Posted by: f-squared | November 17, 2008 8:08 AM | Report abuse

Mark Trail's heroism apparently made the front page of that local paper. Must have been a slow news day.

Posted by: greggwiggins | November 17, 2008 8:29 AM | Report abuse

I too wonder about the Mark Trail story. Did that item appear in his own newspaper column? Will all newspapers now try to survive by relying on such blatant self-promotion?

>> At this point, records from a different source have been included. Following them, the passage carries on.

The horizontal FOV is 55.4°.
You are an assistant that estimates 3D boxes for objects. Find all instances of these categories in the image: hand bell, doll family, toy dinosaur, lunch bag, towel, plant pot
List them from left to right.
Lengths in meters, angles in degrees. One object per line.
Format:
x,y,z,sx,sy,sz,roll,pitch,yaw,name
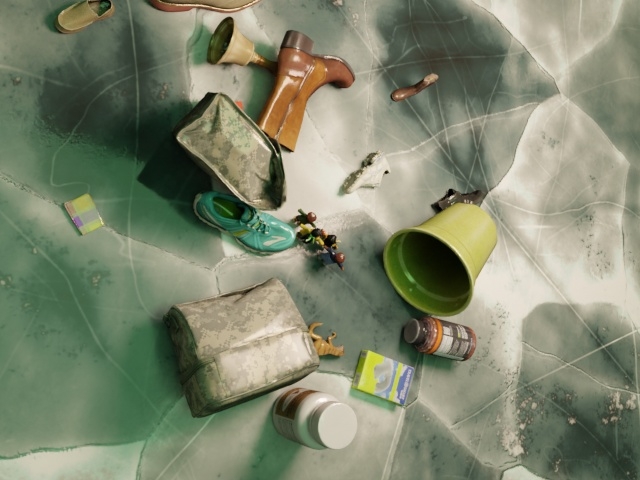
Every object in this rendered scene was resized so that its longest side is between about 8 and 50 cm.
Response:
-0.531,-0.060,1.370,0.060,0.009,0.083,-32,99,-28,towel
-0.191,-0.199,1.424,0.169,0.235,0.287,-45,110,-2,lunch bag
-0.182,0.234,1.404,0.305,0.212,0.256,-13,73,-31,lunch bag
-0.157,-0.464,1.578,0.242,0.126,0.126,18,75,-37,hand bell
-0.020,0.269,1.565,0.211,0.064,0.112,2,84,-27,toy dinosaur
0.000,0.000,1.580,0.193,0.111,0.076,38,68,-19,doll family
0.357,0.027,1.700,0.254,0.276,0.276,-39,102,-38,plant pot

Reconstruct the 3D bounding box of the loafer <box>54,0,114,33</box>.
-0.541,-0.524,1.399,0.148,0.050,0.056,-38,101,-26,loafer

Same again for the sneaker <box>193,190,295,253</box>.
-0.180,-0.044,1.494,0.275,0.110,0.107,23,74,-24,sneaker

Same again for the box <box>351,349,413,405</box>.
0.179,0.379,1.666,0.178,0.042,0.109,24,74,-22,box

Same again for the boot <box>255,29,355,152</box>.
-0.032,-0.369,1.617,0.264,0.096,0.281,20,84,-52,boot

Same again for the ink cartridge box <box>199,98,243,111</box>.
-0.244,-0.326,1.540,0.115,0.029,0.063,-8,88,-27,ink cartridge box

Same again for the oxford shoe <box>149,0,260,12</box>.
-0.252,-0.647,1.519,0.348,0.130,0.123,-22,94,-28,oxford shoe

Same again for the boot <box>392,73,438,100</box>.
0.277,-0.448,1.778,0.106,0.114,0.037,-26,96,-28,boot

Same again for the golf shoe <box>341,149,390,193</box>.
0.135,-0.173,1.701,0.176,0.069,0.086,-45,110,-23,golf shoe

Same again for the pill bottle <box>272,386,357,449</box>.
-0.014,0.426,1.453,0.131,0.229,0.131,4,81,-27,pill bottle

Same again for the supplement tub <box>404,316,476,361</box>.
0.335,0.275,1.725,0.197,0.106,0.106,17,76,-24,supplement tub

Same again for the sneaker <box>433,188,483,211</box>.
0.421,-0.127,1.849,0.170,0.051,0.089,-40,107,-22,sneaker

Apparently things are even worse at the Daily Bugle than at most other papers - Jonah Jameson apparently doesn't know that "Big-Time" was a crook. Setting aside the question of how dense must an editor be not to figure that out from such a Dick Tracy-style nickname, it shows that he doesn't even read his own newspaper, since surely Spiderman's capturing that guy and helping send him to prison years ago must have made news (even if Big-Time was just Small-Time then!), especially in a paper that so often runs features and photos about Spidey. So if the editor doesn't bother to read that rag, why should he expect the public to do so, either?

Posted by: seismic-2 | November 17, 2008 11:27 AM | Report abuse

It's confirmed by Tuesday's Mark Trail strip. Not only was his pet raccoon rescue front page, it's front page ABOVE THE FOLD. When I need someplace quiet to retire to, I now know what part of the country I should visit to look at real estate.

Posted by: greggwiggins | November 18, 2008 7:05 AM | Report abuse

Newsprint? Who cares about paper? The important commodity is INK!

Here's a suggestion for the newspaper industry. Partner up with a winning enterprise that knows how to sell ink. Hewlett-Packard.

:-)

Posted by: MSchafer | November 18, 2008 9:00 AM | Report abuse

Get rid of Spiderman and bring back For Better or Worse. Spiderman runs the same old plots weeks after week. For Better or Worse was my favorite strip, and I was looking forward to reading them from the beginning but the Post chose to replace it with the lame, unfunny Little Dog Lost strip.

Many of the Post's comic strip leave a lot to be desired, such as humor. For Better or Worse is a much better strip than Spiderman, Garfield, Tank McNamara, Zippy the Pinhead, and Little Dog Lost. What is it the Post has against women cartoonists? Most of the strips that appear in the print edition are by men.

Posted by: PhoebeKate | November 18, 2008 1:09 PM | Report abuse

The comments to this entry are closed.